I’d wager the reason Apple pulled ADP in the UK in the first place was precisely so they could put out this very statement, thus implicitly acknowledging the UK demands are accurate, and putting those customers—and the rest of the world—on notice that something is going on there. They can’t say what, because of legal constraints, but: clearly UK-based, clearly related to end-to-end encryption. It’s left to us to draw the (obvious) conclusions.
Apple has a second, equally insidious problem though. If they were to concede to the UK’s preposterous demands for a secret backdoor to every device worldwide, every government that wants to spy on their citizens will pass—and enforce—similar laws. Clearly this would be untenable.

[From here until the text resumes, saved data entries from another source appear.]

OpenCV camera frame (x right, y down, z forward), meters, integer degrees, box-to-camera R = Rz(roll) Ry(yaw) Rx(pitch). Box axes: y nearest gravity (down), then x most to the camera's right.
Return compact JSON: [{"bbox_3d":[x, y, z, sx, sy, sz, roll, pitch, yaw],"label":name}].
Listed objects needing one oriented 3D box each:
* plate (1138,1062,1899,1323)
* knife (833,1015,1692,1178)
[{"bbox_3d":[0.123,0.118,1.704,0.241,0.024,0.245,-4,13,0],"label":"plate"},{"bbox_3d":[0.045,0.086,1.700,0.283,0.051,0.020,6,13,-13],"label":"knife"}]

Yet, by defiantly disabling ADP in the UK, Apple provided every government in the world another path: apply the right pressure, and Apple will disable ADP for you. You run the play, it’s in the playbook.
Am I being overly cynical or naïve to suggest this irrational request was a ploy from the UK to eliminate full end-to-end encryption and keep their current access?
Perhaps.
But I’ll suggest it anyway.
There’s a mistaken belief in some circles that Apple pulled all end-to-end encryption for UK customers. They haven’t. Only the data covered by Advanced Data Protection—an opt-in, off-by-default feature—is impacted by this move. Everything else that was previously end-to-end encrypted—passwords, health data, Messages in iCloud, and so on—remains end-to-end encrypted, but, the encryption key is stored with Apple, so while your data is E2EE, it’s also viewable by Apple—and therefore by governments. This is how everything worked before Advanced Data Protection was announced in December 2019. Which is to say, governments already had access to your iCloud data, in or out of the UK, unless you have ADP enabled.

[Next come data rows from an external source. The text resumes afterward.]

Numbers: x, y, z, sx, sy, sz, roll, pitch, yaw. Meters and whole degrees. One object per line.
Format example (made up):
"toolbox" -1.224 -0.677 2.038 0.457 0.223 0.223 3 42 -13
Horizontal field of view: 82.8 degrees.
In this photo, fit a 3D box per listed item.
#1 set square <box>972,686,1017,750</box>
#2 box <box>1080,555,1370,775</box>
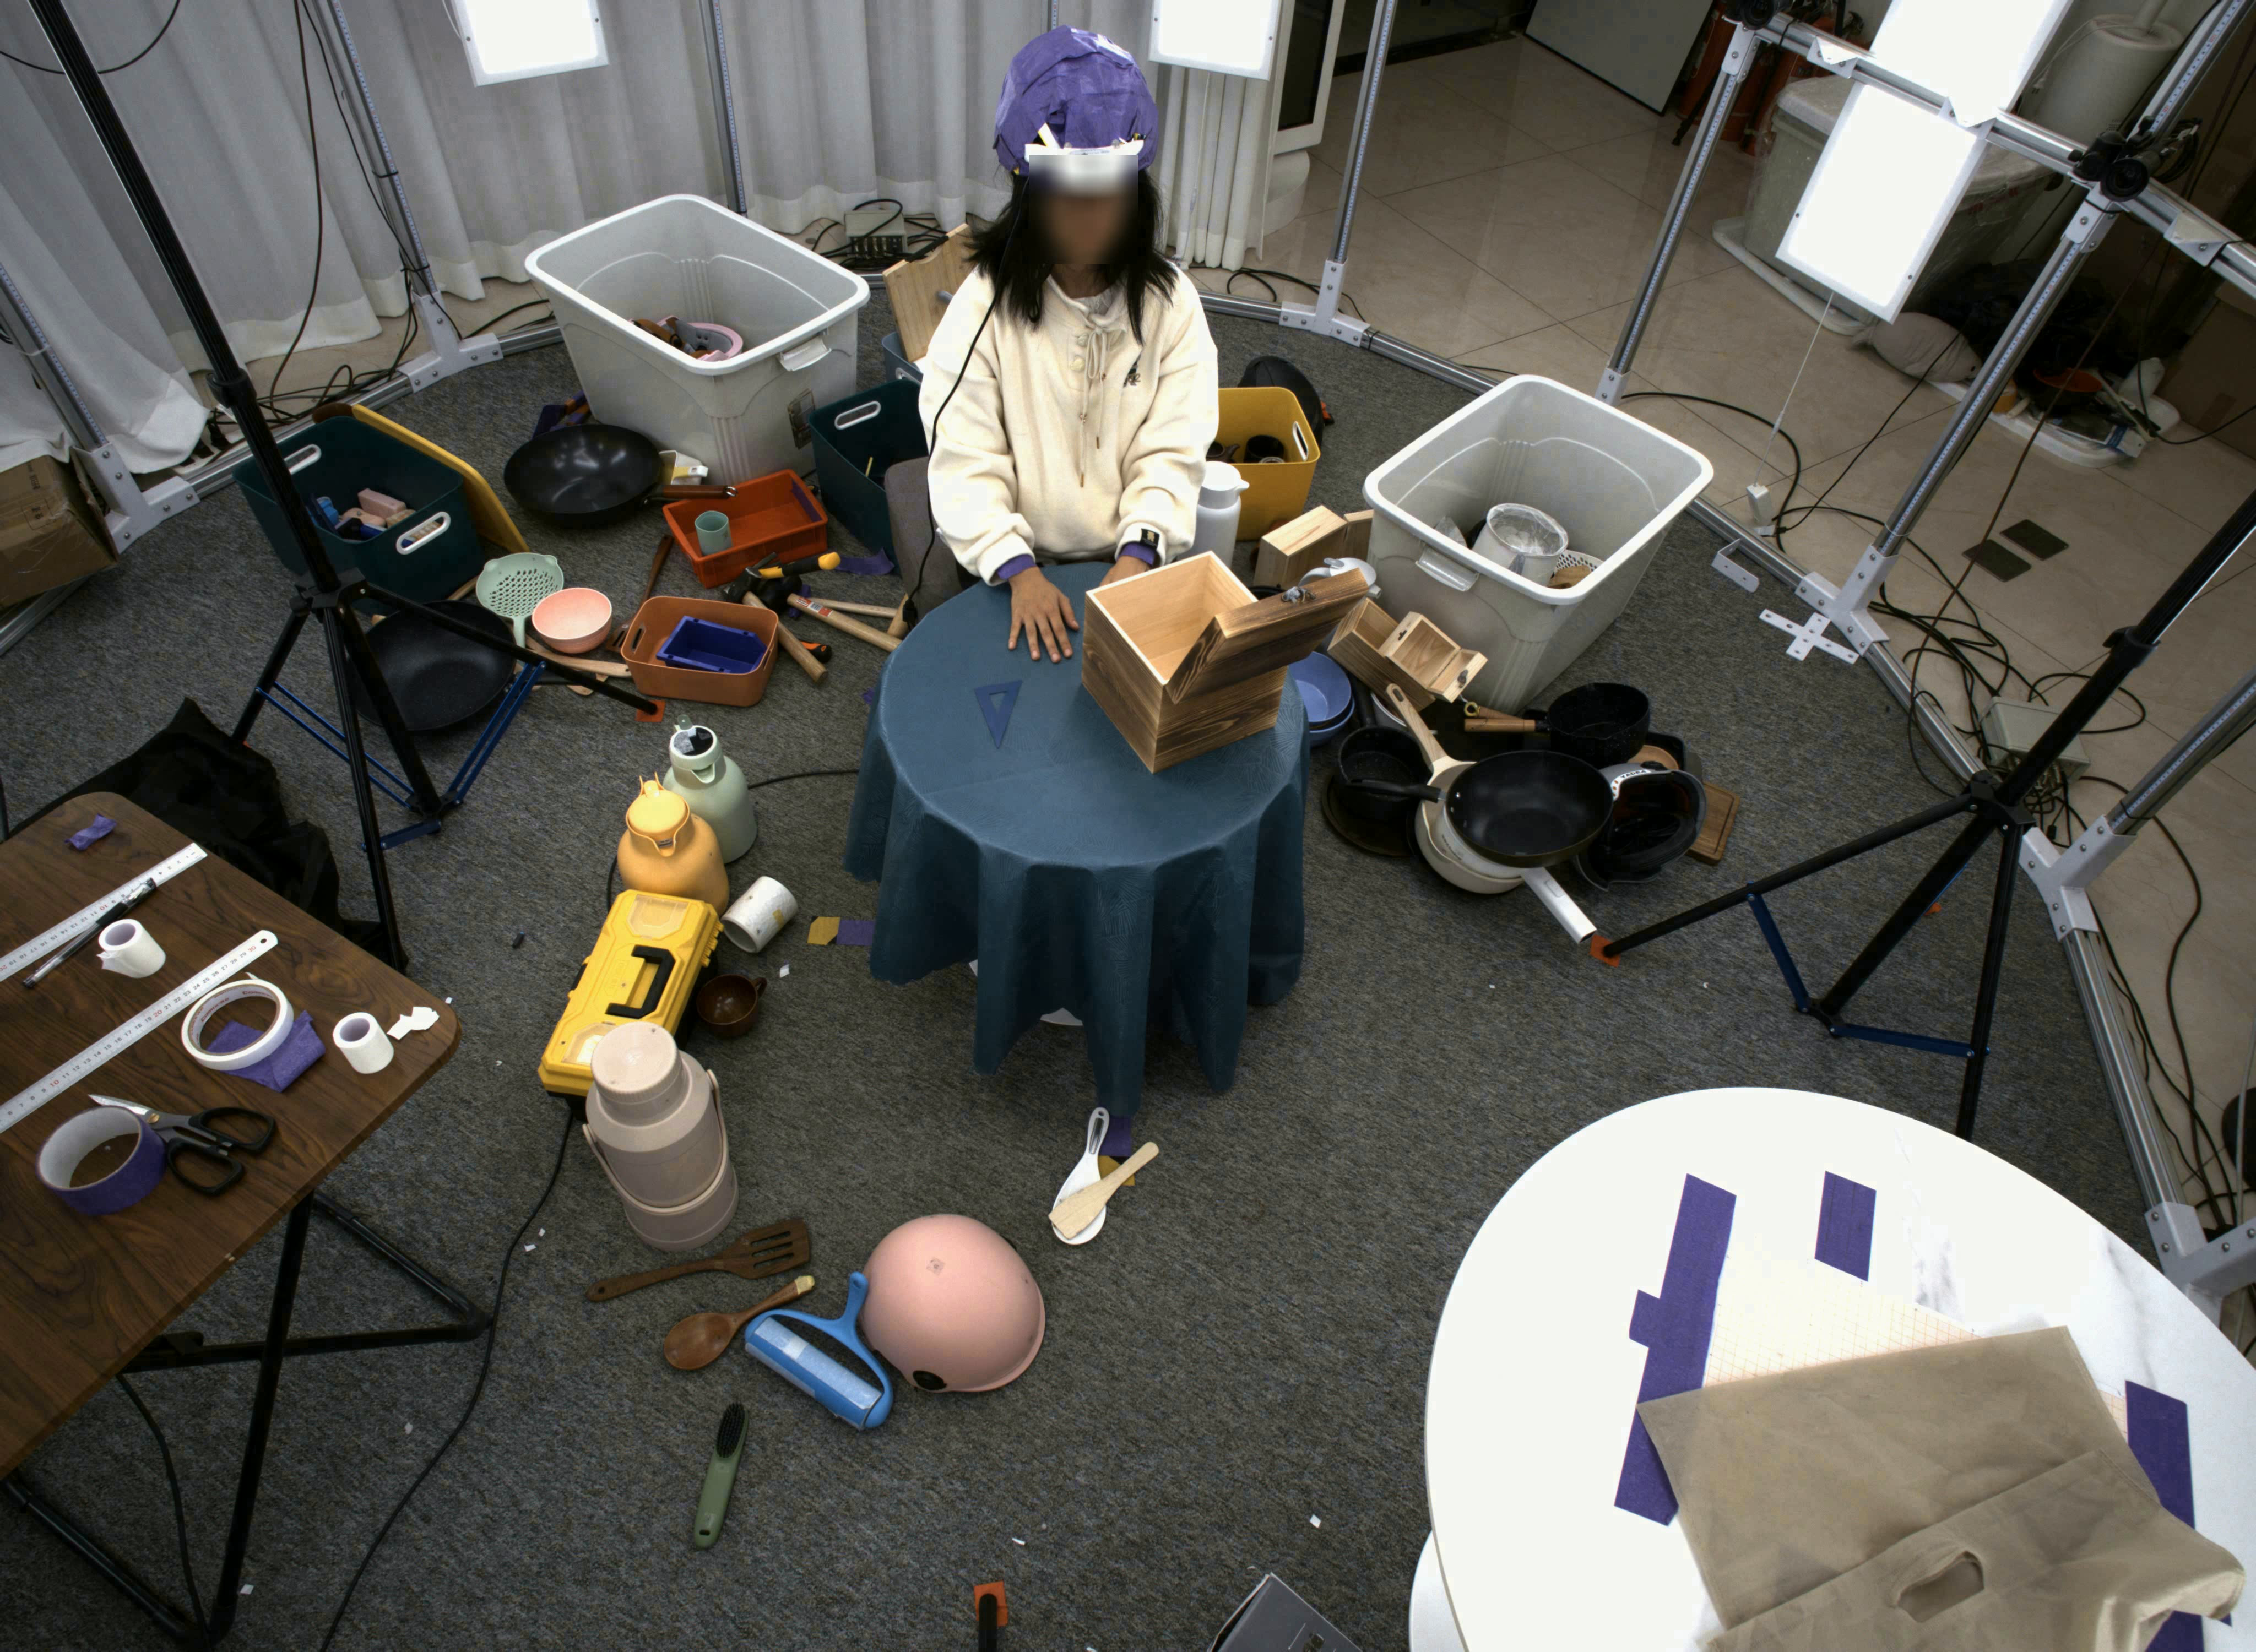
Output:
"set square" -0.201 -0.159 1.791 0.061 0.006 0.135 15 49 6
"box" 0.108 -0.250 1.665 0.209 0.366 0.329 -21 55 -22

Governments are desperately trying to forestall the move to full end-to-end encryption. The access they have today may not be comprehensive, but it gets them some of the most sensitive customer data, upon (legal) request.
The status quo ante doesn’t gain the UK any additional access, but—crucially—they don’t lose the access they currently have. Demanding secret entrée to every Apple device worldwide is so outrageous, it can’t have been their real goal. It’s looks like an intimidation tactic, one with such dire consequences that it simply could not be ignored. It is, in the end, a warning: Kill ADP, or “full iCloud access” will be the least of our demands.
I believe Apple would like nothing more than to be able to say “we have no way to grant access to customers’ data”. I’m confident they would make ADP the default if they could, and the reason they haven’t is primarily out of concern for their customers, who could lose access to their data if they lose access to their accounts or devices—the same reason I believe most customers haven’t enabled it (along with a naïve belief that only criminals are targeted by the government).
But keeping ADP opt-in rather making it the default may also act as a hedge against backdoor demands, buying Apple time to boost public support (and awareness) for stronger encryption options.
But here’s Apple’s conundrum: They’re subject to the laws of the countries in which they operate, and those countries hold surprising sway over them, because, as I noted in my earlier piece:
… governments are recognizing they can coerce Apple via threats of sales bans, catastrophic fines, or tariffs.
Or, I’ll add, existential attacks on a fundamental Apple value.
My wish would be for Apple to take itself out of the E2EE equation completely: enable Advanced Data Protection by default. Once enabled, Apple can’t disable it—only the customer can do so. Apple can throw up their hands when approached by an overreaching government: Sorry, old chap, nothing we can do. Pip pip, cheerio.
I know they’d never do this, though. It’s a provocative move, one likely to trigger immediate legal backlash. Even with privacy, I doubt there’s a bright red line that Apple would never cross and would make them walk away from a market. Principles usually take a backseat to profits, eventually. Apple remains subject to government coercion until and unless they’re willing give up money—an action I seriously doubt they’d ever take. And governments know it.